Could you transcribe every record below exactly as written, excluding the pictures?

########

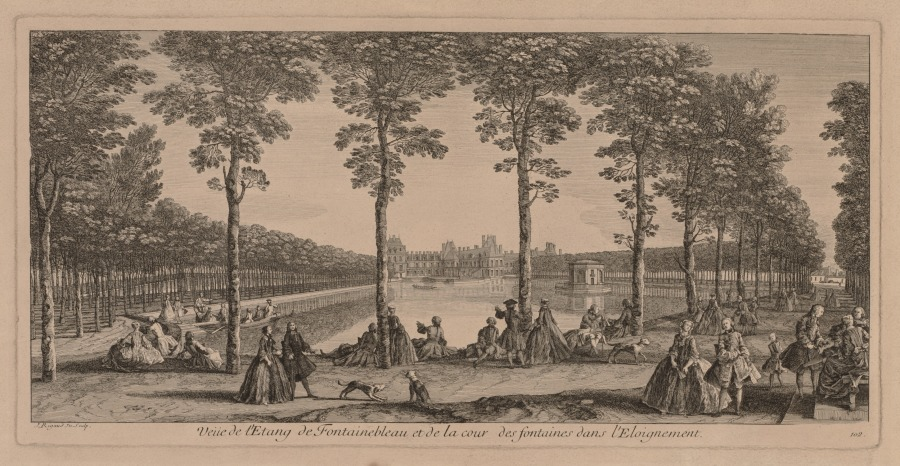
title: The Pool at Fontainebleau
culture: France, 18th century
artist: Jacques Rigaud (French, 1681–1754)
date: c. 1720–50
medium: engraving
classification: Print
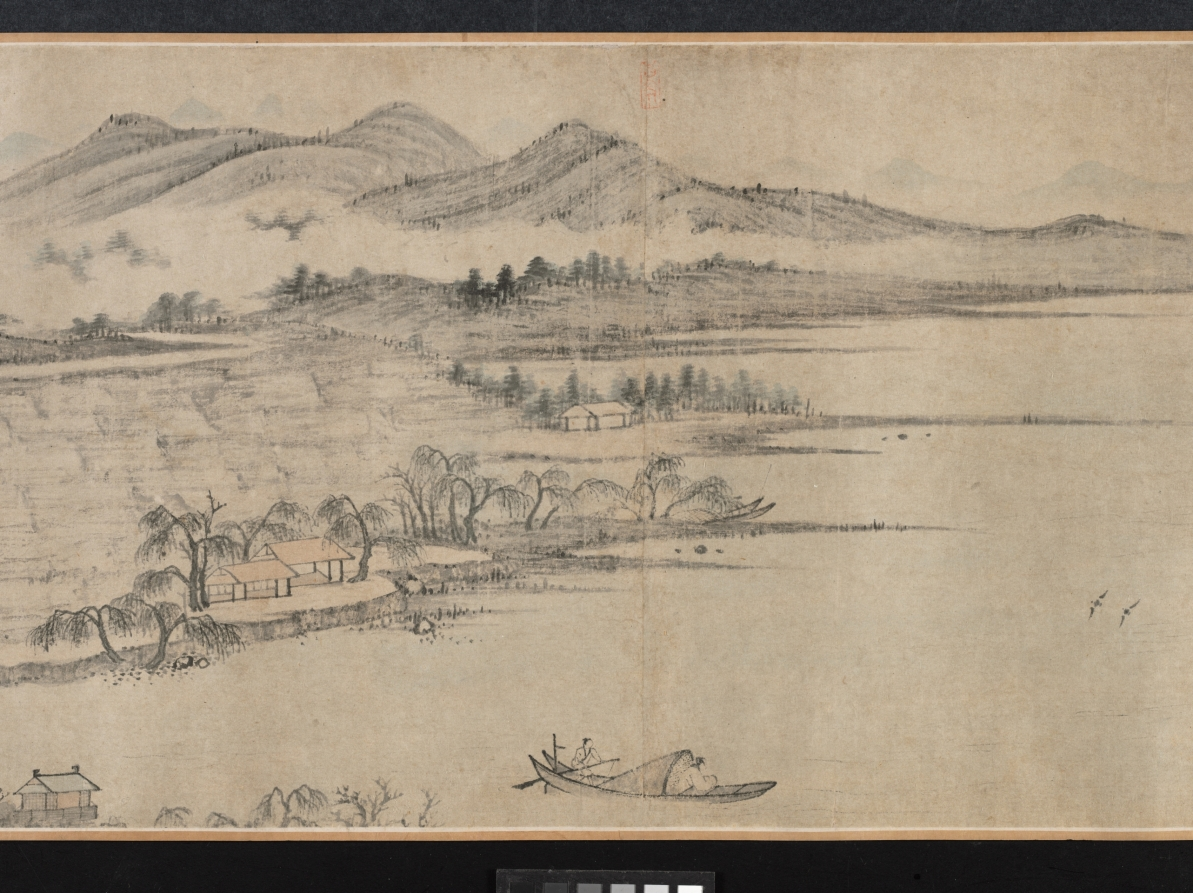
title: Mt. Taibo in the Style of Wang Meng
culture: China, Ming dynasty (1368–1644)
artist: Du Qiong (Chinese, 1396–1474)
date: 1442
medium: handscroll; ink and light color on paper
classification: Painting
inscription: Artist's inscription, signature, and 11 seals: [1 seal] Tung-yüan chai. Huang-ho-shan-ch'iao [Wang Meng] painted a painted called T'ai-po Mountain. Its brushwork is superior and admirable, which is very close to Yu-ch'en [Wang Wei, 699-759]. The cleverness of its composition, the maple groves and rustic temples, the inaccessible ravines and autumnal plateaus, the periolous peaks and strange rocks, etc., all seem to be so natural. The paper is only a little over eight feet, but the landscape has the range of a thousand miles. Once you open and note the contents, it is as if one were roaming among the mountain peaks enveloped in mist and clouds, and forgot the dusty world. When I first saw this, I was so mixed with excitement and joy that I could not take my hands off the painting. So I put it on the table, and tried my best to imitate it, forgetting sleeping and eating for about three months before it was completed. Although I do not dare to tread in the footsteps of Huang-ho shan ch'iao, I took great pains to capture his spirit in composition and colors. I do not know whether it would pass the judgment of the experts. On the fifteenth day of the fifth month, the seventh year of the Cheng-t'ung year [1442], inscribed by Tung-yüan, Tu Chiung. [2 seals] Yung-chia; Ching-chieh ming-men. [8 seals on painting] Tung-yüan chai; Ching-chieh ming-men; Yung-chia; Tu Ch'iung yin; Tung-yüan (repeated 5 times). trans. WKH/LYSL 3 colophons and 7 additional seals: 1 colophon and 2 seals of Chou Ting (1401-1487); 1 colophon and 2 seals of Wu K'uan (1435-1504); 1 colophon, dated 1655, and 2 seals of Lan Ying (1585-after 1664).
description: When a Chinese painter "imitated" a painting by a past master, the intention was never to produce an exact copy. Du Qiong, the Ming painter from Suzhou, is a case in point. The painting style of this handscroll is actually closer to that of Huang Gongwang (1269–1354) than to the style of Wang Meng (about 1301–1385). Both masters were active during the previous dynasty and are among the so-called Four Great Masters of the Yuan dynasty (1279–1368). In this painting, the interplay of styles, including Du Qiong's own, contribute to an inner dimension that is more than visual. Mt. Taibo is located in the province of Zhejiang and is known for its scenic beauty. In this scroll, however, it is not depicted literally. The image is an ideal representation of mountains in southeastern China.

########

Worked solution:
title: The Pool at Fontainebleau
culture: France, 18th century
artist: Jacques Rigaud (French, 1681–1754)
date: c. 1720–50
medium: engraving
classification: Print
title: Mt. Taibo in the Style of Wang Meng
culture: China, Ming dynasty (1368–1644)
artist: Du Qiong (Chinese, 1396–1474)
date: 1442
medium: handscroll; ink and light color on paper
classification: Painting
inscription: Artist's inscription, signature, and 11 seals: [1 seal] Tung-yüan chai. Huang-ho-shan-ch'iao [Wang Meng] painted a painted called T'ai-po Mountain. Its brushwork is superior and admirable, which is very close to Yu-ch'en [Wang Wei, 699-759]. The cleverness of its composition, the maple groves and rustic temples, the inaccessible ravines and autumnal plateaus, the periolous peaks and strange rocks, etc., all seem to be so natural. The paper is only a little over eight feet, but the landscape has the range of a thousand miles. Once you open and note the contents, it is as if one were roaming among the mountain peaks enveloped in mist and clouds, and forgot the dusty world. When I first saw this, I was so mixed with excitement and joy that I could not take my hands off the painting. So I put it on the table, and tried my best to imitate it, forgetting sleeping and eating for about three months before it was completed. Although I do not dare to tread in the footsteps of Huang-ho shan ch'iao, I took great pains to capture his spirit in composition and colors. I do not know whether it would pass the judgment of the experts. On the fifteenth day of the fifth month, the seventh year of the Cheng-t'ung year [1442], inscribed by Tung-yüan, Tu Chiung. [2 seals] Yung-chia; Ching-chieh ming-men. [8 seals on painting] Tung-yüan chai; Ching-chieh ming-men; Yung-chia; Tu Ch'iung yin; Tung-yüan (repeated 5 times). trans. WKH/LYSL 3 colophons and 7 additional seals: 1 colophon and 2 seals of Chou Ting (1401-1487); 1 colophon and 2 seals of Wu K'uan (1435-1504); 1 colophon, dated 1655, and 2 seals of Lan Ying (1585-after 1664).
description: When a Chinese painter "imitated" a painting by a past master, the intention was never to produce an exact copy. Du Qiong, the Ming painter from Suzhou, is a case in point. The painting style of this handscroll is actually closer to that of Huang Gongwang (1269–1354) than to the style of Wang Meng (about 1301–1385). Both masters were active during the previous dynasty and are among the so-called Four Great Masters of the Yuan dynasty (1279–1368). In this painting, the interplay of styles, including Du Qiong's own, contribute to an inner dimension that is more than visual. Mt. Taibo is located in the province of Zhejiang and is known for its scenic beauty. In this scroll, however, it is not depicted literally. The image is an ideal representation of mountains in southeastern China.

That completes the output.